TASK REQUIREMENTS: Write all of the lines below out again, exactly as they stand.

INPUT RECORDS:
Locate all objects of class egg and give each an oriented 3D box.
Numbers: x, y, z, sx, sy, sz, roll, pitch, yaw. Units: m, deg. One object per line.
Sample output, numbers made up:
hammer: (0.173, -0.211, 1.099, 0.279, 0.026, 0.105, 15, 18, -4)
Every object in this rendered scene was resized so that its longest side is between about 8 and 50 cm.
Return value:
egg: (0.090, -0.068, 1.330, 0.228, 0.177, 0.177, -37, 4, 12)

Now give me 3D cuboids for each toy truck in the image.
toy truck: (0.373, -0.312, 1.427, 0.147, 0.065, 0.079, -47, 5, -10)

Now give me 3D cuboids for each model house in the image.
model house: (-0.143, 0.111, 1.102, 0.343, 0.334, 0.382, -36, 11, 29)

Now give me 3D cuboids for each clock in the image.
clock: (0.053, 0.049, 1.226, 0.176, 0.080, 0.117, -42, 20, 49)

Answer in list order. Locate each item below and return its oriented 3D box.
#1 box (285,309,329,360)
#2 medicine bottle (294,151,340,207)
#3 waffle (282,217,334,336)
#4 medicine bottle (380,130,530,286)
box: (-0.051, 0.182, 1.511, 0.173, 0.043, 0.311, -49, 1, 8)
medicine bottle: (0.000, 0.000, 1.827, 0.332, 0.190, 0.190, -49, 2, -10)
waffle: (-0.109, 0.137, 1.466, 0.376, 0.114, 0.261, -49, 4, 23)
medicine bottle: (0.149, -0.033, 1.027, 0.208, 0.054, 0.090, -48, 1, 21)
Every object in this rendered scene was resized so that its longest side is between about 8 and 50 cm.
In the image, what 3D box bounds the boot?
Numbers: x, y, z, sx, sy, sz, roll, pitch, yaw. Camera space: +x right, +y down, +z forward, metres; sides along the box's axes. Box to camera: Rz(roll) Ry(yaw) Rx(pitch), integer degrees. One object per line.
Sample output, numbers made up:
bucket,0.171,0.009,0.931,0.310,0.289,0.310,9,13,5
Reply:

RESULT OF THIS EXERCISE:
Locate all objects of class egg and give each an oriented 3D box.
Numbers: x, y, z, sx, sy, sz, roll, pitch, yaw. Units: m, deg. One object per line.
Sample output, numbers made up:
hammer: (0.173, -0.211, 1.099, 0.279, 0.026, 0.105, 15, 18, -4)
Every object in this rendered scene was resized so that its longest side is between about 8 and 50 cm.
Return value:
egg: (0.090, -0.068, 1.330, 0.228, 0.177, 0.177, -37, 4, 12)

Now give me 3D cuboids for each toy truck in the image.
toy truck: (0.373, -0.312, 1.427, 0.147, 0.065, 0.079, -47, 5, -10)

Now give me 3D cuboids for each model house in the image.
model house: (-0.143, 0.111, 1.102, 0.343, 0.334, 0.382, -36, 11, 29)

Now give me 3D cuboids for each clock in the image.
clock: (0.053, 0.049, 1.226, 0.176, 0.080, 0.117, -42, 20, 49)

Answer in list order. Locate each item below and return its oriented 3D box.
#1 box (285,309,329,360)
#2 medicine bottle (294,151,340,207)
#3 waffle (282,217,334,336)
#4 medicine bottle (380,130,530,286)
box: (-0.051, 0.182, 1.511, 0.173, 0.043, 0.311, -49, 1, 8)
medicine bottle: (0.000, 0.000, 1.827, 0.332, 0.190, 0.190, -49, 2, -10)
waffle: (-0.109, 0.137, 1.466, 0.376, 0.114, 0.261, -49, 4, 23)
medicine bottle: (0.149, -0.033, 1.027, 0.208, 0.054, 0.090, -48, 1, 21)
Every object in this rendered scene was resized so that its longest side is between about 8 and 50 cm.
In the image, what 3D box bounds the boot?
Numbers: x, y, z, sx, sy, sz, roll, pitch, yaw. Camera space: +x right, +y down, +z forward, metres; sides along the box's axes. Box to camera: Rz(roll) Ry(yaw) Rx(pitch), integer degrees. One object per line.
Sample output, numbers made up:
bucket,0.171,0.009,0.931,0.310,0.289,0.310,9,13,5
Reply:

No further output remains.